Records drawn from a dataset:
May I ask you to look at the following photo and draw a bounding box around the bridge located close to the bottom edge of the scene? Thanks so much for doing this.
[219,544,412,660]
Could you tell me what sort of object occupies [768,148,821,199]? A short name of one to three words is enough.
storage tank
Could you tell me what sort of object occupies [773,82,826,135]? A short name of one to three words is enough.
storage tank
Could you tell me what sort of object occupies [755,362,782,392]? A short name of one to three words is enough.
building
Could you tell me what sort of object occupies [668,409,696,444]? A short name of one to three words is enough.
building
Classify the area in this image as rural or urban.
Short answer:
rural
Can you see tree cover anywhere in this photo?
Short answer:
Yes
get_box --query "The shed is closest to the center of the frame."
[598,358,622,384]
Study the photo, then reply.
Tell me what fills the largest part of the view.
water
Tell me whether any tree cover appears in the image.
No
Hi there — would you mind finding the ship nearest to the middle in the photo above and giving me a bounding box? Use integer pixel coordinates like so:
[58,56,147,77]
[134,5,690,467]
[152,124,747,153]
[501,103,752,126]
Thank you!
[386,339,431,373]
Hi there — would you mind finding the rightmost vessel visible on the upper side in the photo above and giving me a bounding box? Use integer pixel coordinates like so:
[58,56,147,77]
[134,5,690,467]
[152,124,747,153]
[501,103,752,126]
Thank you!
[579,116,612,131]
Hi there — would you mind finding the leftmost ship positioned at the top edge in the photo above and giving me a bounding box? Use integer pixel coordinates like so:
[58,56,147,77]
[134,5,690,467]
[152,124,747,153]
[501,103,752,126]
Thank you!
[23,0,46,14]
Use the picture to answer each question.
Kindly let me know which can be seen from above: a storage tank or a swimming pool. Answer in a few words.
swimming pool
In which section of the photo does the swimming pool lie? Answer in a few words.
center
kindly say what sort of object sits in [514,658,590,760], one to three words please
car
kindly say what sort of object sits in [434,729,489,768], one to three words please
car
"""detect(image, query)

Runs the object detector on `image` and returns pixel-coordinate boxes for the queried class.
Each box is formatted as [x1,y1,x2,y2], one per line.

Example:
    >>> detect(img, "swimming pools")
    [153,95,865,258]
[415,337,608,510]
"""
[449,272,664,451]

---

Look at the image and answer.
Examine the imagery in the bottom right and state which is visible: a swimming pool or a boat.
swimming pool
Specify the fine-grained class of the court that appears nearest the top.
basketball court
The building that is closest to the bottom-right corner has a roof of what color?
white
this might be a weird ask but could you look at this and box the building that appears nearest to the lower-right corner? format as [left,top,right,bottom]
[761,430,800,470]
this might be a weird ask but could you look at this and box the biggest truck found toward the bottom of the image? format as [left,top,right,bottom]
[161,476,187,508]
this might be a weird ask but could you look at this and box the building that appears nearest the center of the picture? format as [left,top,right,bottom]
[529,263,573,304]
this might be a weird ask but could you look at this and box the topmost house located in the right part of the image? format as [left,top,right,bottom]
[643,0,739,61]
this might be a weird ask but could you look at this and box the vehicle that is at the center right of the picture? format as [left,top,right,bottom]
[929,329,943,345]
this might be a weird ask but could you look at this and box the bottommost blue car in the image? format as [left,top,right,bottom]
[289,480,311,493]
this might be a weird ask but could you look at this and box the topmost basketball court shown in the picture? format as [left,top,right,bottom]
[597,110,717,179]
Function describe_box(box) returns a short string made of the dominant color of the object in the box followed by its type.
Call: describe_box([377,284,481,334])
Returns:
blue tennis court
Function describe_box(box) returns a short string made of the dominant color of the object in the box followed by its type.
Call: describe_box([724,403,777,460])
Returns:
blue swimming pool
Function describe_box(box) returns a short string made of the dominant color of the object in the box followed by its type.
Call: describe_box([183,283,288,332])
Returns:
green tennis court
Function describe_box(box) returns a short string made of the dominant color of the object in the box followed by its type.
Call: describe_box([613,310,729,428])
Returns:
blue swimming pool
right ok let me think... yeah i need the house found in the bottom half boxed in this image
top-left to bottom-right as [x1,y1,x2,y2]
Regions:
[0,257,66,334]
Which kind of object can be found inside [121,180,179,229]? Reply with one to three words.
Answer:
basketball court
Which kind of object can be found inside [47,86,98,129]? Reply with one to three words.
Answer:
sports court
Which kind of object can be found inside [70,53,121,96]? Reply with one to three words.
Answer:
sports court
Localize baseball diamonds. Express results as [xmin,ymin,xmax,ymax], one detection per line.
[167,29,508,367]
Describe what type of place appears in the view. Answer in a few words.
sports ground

DIRECTIONS: What lines in the data above contain the word "like"? Copy them all.

WRITTEN SOLUTION:
Hi there — would you mind finding the ship nearest to the middle in the photo above and giving me a bounding box? Use integer pixel coordinates like so:
Hi there — would you mind finding the rightmost vessel visible on the upper side in the photo above and giving me a bounding box? Use integer pixel coordinates like so:
Hi there — would you mind finding the leftmost ship positioned at the top edge in the photo above and giving me a bounding box? Use integer pixel coordinates like so:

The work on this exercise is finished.